───── Records for processing
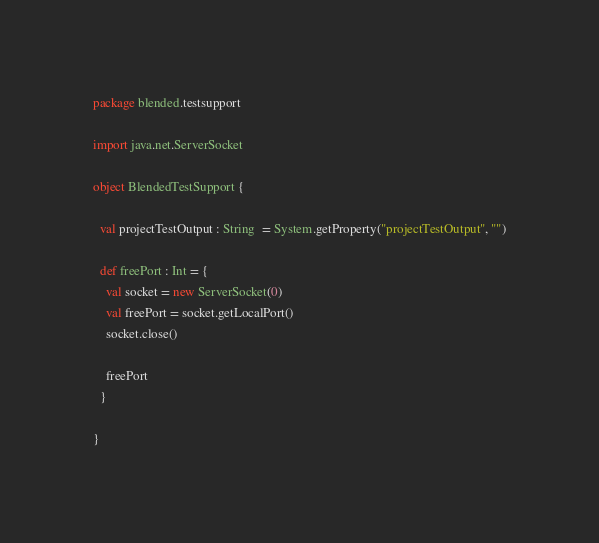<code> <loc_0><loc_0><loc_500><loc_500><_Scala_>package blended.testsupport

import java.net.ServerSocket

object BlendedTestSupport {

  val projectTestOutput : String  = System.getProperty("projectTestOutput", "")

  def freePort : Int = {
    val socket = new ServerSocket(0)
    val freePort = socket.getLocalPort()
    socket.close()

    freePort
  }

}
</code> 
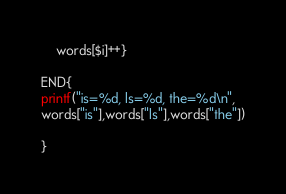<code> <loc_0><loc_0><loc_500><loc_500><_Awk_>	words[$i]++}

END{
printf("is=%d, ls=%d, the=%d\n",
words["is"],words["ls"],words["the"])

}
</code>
──────────
───── Records for processing
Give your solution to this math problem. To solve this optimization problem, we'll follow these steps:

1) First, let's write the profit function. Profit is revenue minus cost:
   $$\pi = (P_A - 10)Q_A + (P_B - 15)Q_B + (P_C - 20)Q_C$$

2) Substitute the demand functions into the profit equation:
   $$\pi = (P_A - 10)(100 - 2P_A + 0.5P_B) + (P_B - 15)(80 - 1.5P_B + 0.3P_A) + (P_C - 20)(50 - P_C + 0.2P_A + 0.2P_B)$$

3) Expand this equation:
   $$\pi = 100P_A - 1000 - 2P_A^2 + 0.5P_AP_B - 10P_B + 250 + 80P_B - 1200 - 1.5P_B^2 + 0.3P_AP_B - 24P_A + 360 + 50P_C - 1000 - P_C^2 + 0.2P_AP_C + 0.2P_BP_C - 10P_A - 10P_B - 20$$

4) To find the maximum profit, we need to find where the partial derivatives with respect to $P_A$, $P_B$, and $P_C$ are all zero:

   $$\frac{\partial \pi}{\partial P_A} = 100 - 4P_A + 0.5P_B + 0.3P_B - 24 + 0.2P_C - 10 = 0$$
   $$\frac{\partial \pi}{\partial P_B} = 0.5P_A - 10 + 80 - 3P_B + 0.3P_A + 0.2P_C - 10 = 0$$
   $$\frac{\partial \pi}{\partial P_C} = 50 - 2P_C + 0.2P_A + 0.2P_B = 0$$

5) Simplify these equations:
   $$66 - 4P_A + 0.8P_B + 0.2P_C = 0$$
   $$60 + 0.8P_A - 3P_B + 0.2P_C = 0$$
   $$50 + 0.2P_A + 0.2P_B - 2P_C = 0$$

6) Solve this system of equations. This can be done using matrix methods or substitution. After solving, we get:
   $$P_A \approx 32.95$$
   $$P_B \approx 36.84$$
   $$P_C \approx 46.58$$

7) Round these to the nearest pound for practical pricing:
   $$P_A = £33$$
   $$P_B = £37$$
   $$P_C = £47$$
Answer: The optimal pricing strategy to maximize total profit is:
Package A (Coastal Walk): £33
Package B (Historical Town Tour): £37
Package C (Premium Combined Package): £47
──────────
───── Records for processing
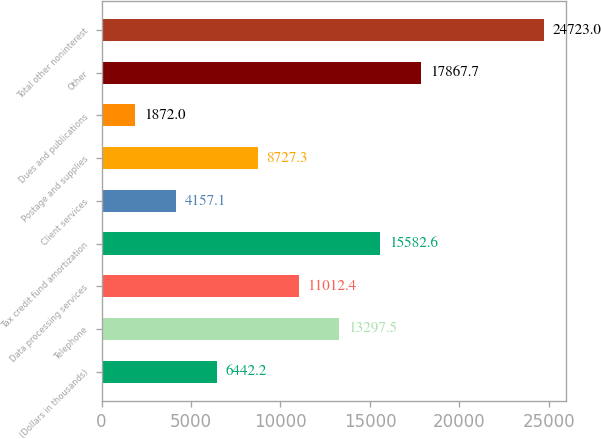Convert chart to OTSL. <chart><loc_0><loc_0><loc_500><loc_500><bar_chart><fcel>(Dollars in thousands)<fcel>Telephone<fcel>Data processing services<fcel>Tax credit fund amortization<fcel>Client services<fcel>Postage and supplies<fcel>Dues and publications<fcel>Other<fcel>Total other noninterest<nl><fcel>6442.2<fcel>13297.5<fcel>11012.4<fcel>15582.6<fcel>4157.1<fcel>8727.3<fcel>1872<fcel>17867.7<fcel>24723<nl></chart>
──────────
Track down every line of the material containing the string "approx", and copy it.

Task answer:
   $$P_A \approx 32.95$$
   $$P_B \approx 36.84$$
   $$P_C \approx 46.58$$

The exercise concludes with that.